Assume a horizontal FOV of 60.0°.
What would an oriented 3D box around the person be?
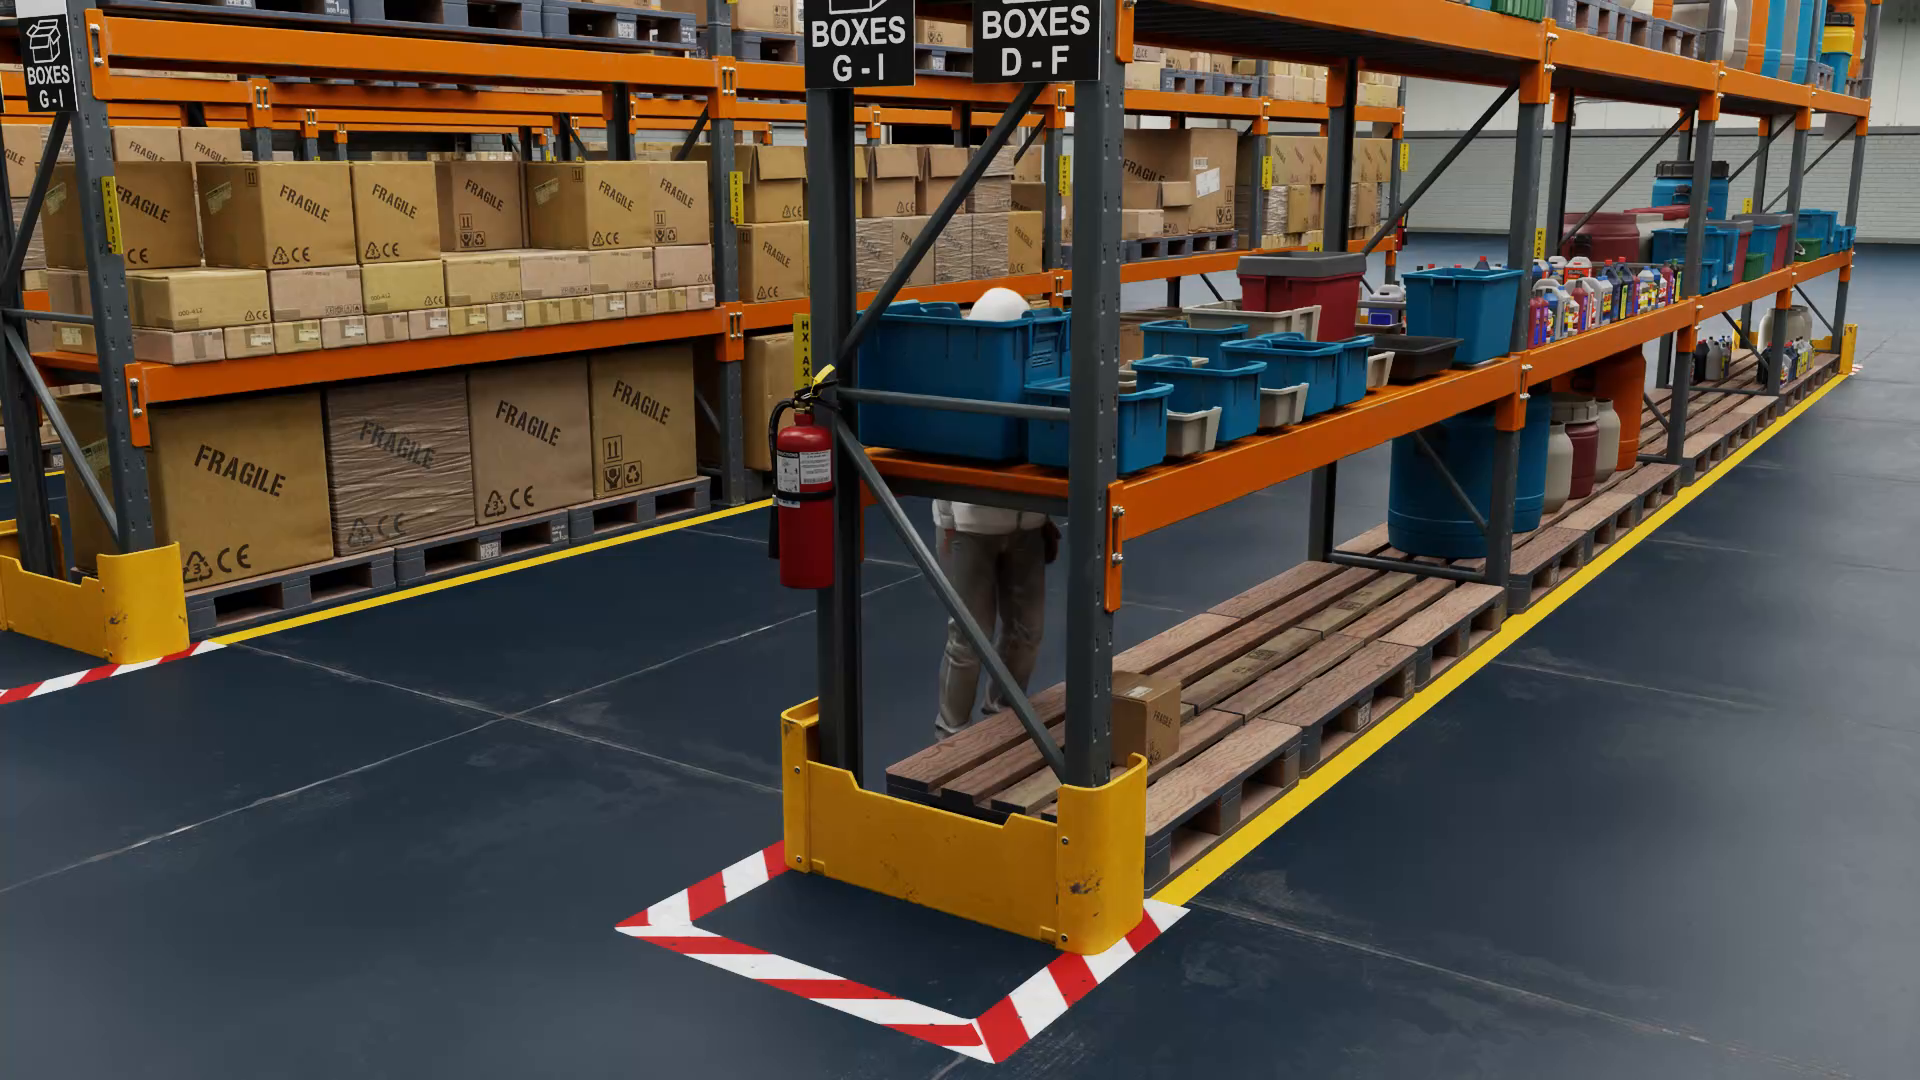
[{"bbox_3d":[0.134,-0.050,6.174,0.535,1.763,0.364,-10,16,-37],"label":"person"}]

= = = = =

# EXERCISE
Using the listing above, set down exactly each line from the one containing "What would an" through the final line, and leave out pictures.

# EXERCISE OUTPUT
What would an oriented 3D box around the person be?
[{"bbox_3d":[0.134,-0.050,6.174,0.535,1.763,0.364,-10,16,-37],"label":"person"}]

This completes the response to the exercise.